Se encogió de hombros.
—De ti se puede esperar cualquier cosa —dijo y levante la mano en señal de “STOP” —. ¿Cómo no me habías contado? —preguntó y hasta parecía herido, de verdad es muy buen actor.
—¡Ni yo lo sabía! —dije y él me miro sin entender—. ¡Burro! —exclame.
Le conté todos los detalles de lo sucedido y aproveche la oportunidad de preguntarle si podía quedarme en su casa ya que no quería estar en esta casa, lo sé, era una egoísta. Pero mi mamá tendría que elegir entre su nueva familia o yo. No era posible tenernos a ambos por la sola razón de que no soporto a los señoritos perfectos.
Mi celular sonó avisando de un texto, era de Javier. Instantáneamente se formó una sonrisa en mi cara.
DE: Javier
Hola preciosa, te extrañe. ¿Qué te parece si nos juntamos con los chicos en 20 minutos?
Para: Javier
También te extrañe. Y, sí me parece, ¿dónde nos juntamos?
La respuesta no tardó en llegar.
De: Javier
En el cine, trae a Diego, Alisa vendrá también.
Para: Javier
Ok, nos vemos
Alisa era una chica muy linda, tenía el pelo rojizo natural y había sido el amor de Diego desde que estábamos en básica, pero ella nunca lo vio como otra cosa. Luego ella se fue a otro país por el trabajo de su padre y no la volvimos a ver. A lo mejor ahora si lo veía como otra cosa, además Diego había cambiado mucho desde que éramos niños, si no fuera mi mejor amigo hasta yo le habría picado.
Le dije a Diego y aceptó, eso sí, omití la parte de que alisa volvió y que ella también iría.
Cuando bajamos todos estaban sentados en la mesa, me dieron ganas de vomitar con la imagen de la familia feliz, claramente no cabía ni hacía falta.
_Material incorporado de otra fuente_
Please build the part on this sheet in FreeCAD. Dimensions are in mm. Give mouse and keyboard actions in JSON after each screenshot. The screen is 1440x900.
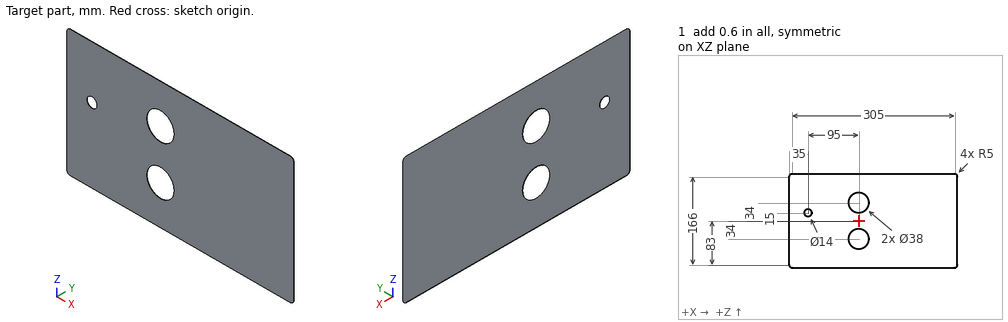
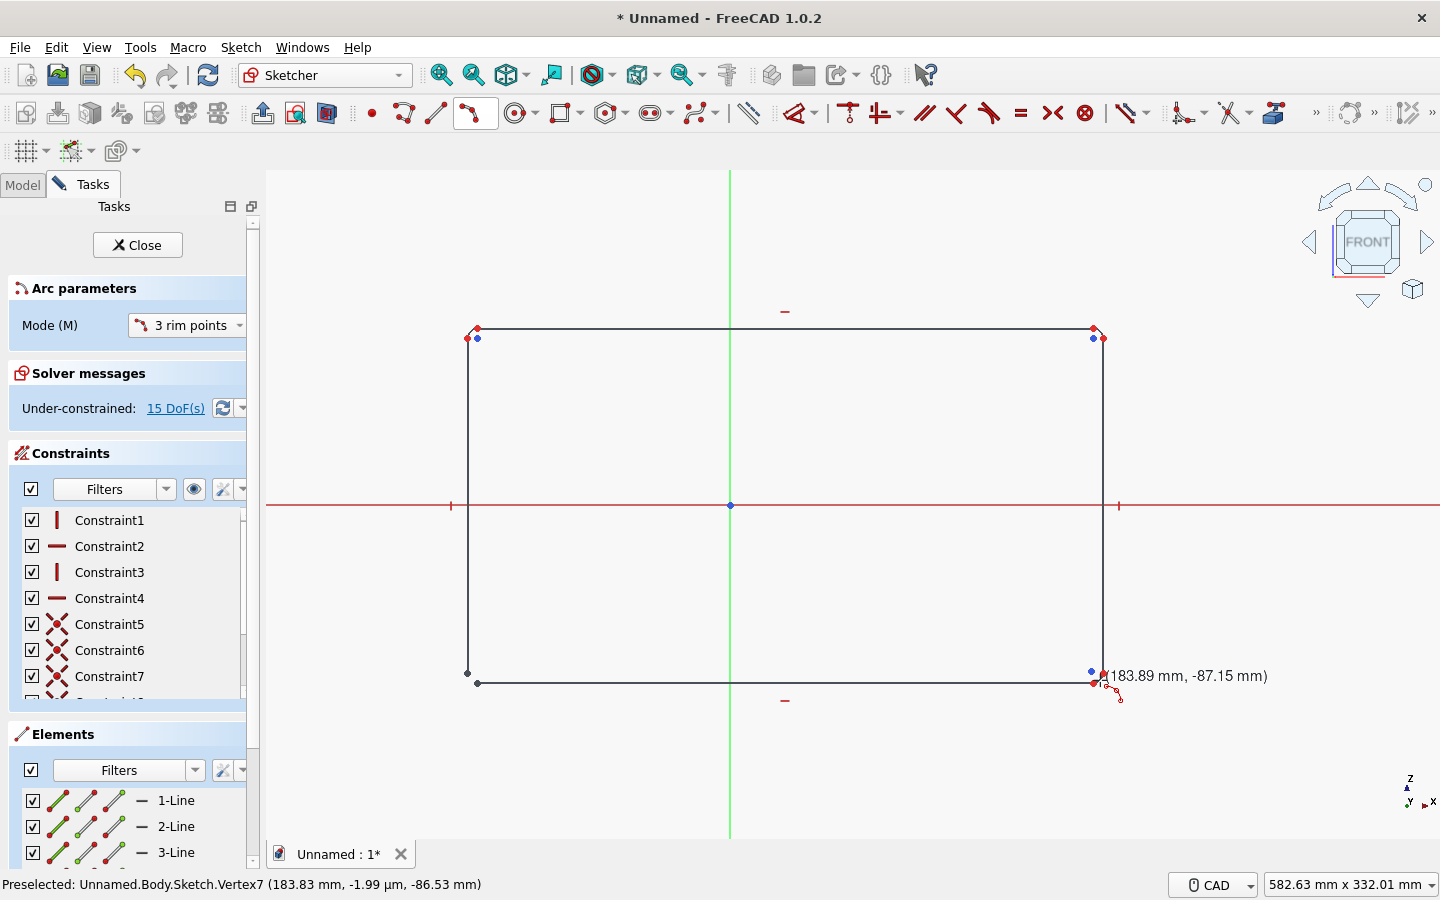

Seguí caminando y pude sentir la mirada de todos en nosotros pero no me di vuelta, claro hasta que mi mama hablo.
—¡Tamara no puedes salir! —dijo y yo arqueé una ceja.
—¿Por qué? —pregunté.
—Ayer dije que íbamos a hablar —dijo pero yo me crucé de brazos.
—Pues, ¡jodanse todos!, porque yo no tengo nada que hablar con ninguno —dije y luego mire a mi mamá que me miraba sorprendida—. Y tu mamá prefieres estar con estos que con tu propia hija —
Dicho esto salí de mi casa seguida de Diego y con la ira sobresaliendo de mis poros, tenía ganas de golpear a alguien. Me di la vuelta y le pegue un puñetazo a Diego en el brazo, él me miro extrañado y yo solo me encogí de hombros.
—Necesitaba pegarle a alguien —dije.
—Y ¿pegarme te hizo sentir mejor? —otra vez con su estúpida psicología.